The consultation document outlines four principles, which address the need for a comprehensive governance framework, including clear identification of models and purpose, an appropriate governance structure, defined roles of stakeholders, model developers, model owners and control functions. For model life cycle management, key themes include development, validation, independent review, use of judgement, implementation and the use of models supported by adequate documentation, IT systems and appropriate levels of reporting to senior management.
In this talk, Diederick will discuss the four principles on model risk management for stress testing outlined in the consultation paper, as well as offer thoughts on model risk management and governance structures more generally.

Diederick Potgieter, The Bank of England
10:00–10:30
In 2018, financial institutions face significant demands to generate a multitude of models for managing risk and generating returns across diverse activities and markets. Furthermore, internal reviewers and external regulators are scrutinizing the associated model governance and management processes ever more closely. In this context, overall time to implementation has become a point of competitive advantage.
This talk describes how MATLAB® is being used to reduce end-to-end model development time and risk through:
- Supporting smooth data preparation and modelling workflows from exploration to automation
- Enabling the practical application of machine learning and optimisation techniques
- Combining automatically generated model documentation with expert insights and feedback
- Bundling data, models, and documentation for internal and external review
- Simplifying the deployment of models into production
- Orchestrating the ongoing validation of models in service

David Sampson, MathWorks
Customer Presentations
11:00–11:30
Giles Spungin will discuss recent work on improving and extending HSBC’s Pillar 2 operational risk model from a desktop-based process to a dynamically scalable cloud-based solution. He will examine how the model was scaled, first in serial by translating the legacy model into MATLAB® and then in parallel running the application on the cloud, reducing the model execution time from days to hours. He will provide his thoughts on the opportunities that cloud implementation can offer financial

Giles Spungin, HSBC
12:00–12:30
Swiss Re is the world's
For a decade, Swiss Re has used MATLAB® to implement its internal risk model, ICAM (Internal Capital Adequacy Model). Dynamic and increasingly complex internal and regulatory requirements create a challenging development environment, where MATLAB proved to be the perfect development platform to quickly react to changing requirements. In 2017, Swiss Re concluded a major project to overhaul its internal risk model with the key goals being transparency, flexibility for future developments, speed, and precision of risk measures.
This presentation demonstrates how MATLAB is used within Swiss Re's internal risk model, including organizing and processing data with the table data structure in MATLAB; running fast algorithms that are in some cases accelerated by MATLAB Distributed Computing Server™; building graphical user interfaces, and visualizing data.

Dr.
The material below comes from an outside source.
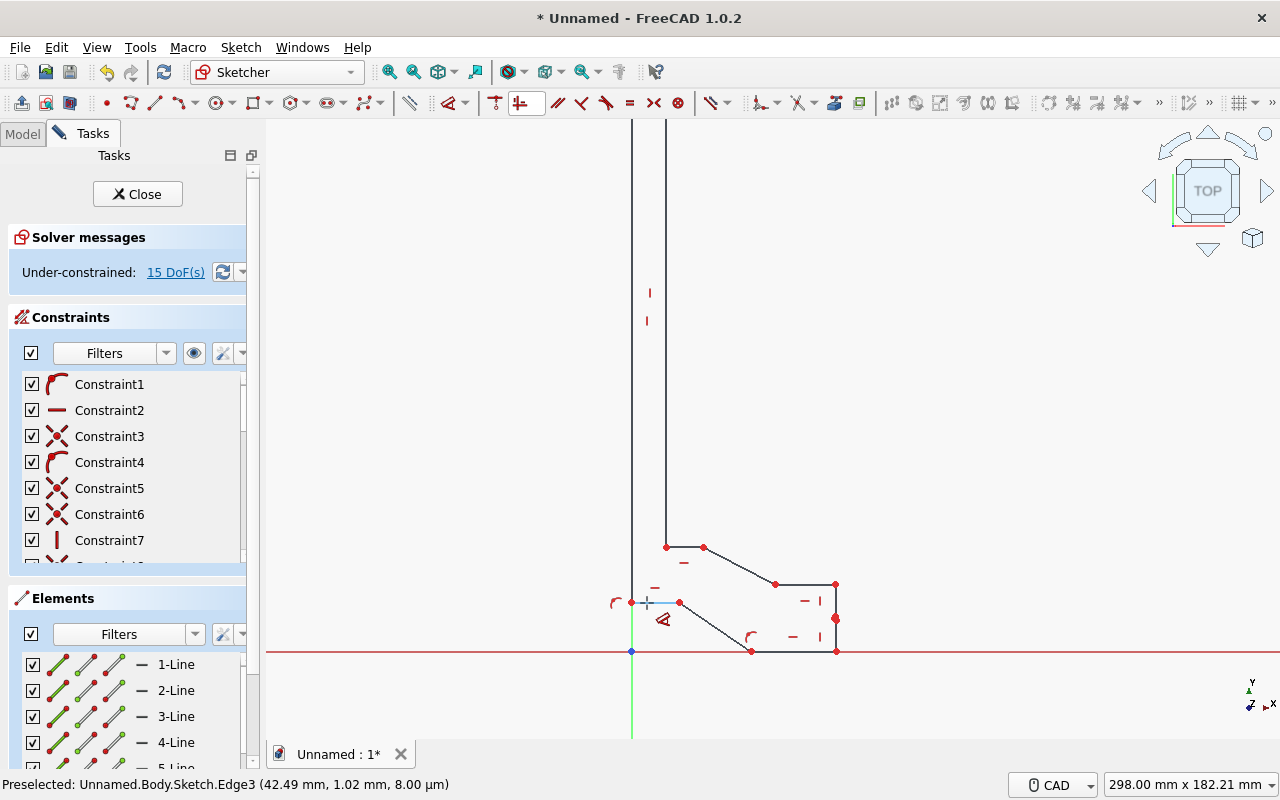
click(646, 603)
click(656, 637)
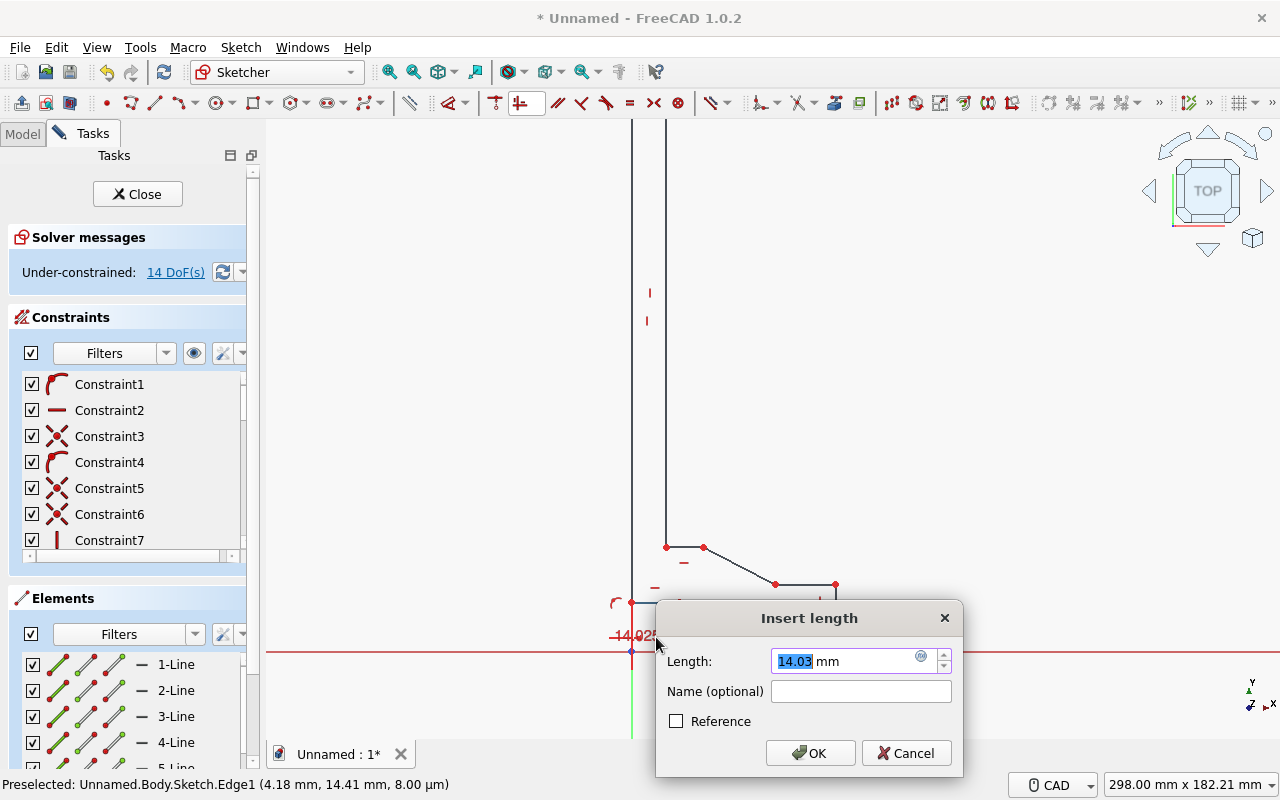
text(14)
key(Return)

Daniel Meier, Swiss Re
14:15–14:45
The aim of this presentation is to introduce online lecture construction using recent developments in MATLAB®, such as live scripts, video recording, and graphical applications. Its focus is on advanced quantitative topics, such as stochastic modelling and Monte Carlo simulation, and it is intended for an audience with an interest in financial applications. The merits of the proposed blend of theory and practice by means of various examples is highlighted.
14:15–14:45
Simulated macro-stress scenarios have become an important part of the analytical toolkit central banks and regulators use to assess vulnerabilities on the balance sheets of financial institutions. Jaromir from GPM Network presents a MATLAB® based toolkit that integrates and streamlines the main tasks, from macroeconomic shock identification through macro-financial feedback, to aggregate balance sheets and regulatory indicators. The toolkit is used in our technical assistance projects in different parts of the world.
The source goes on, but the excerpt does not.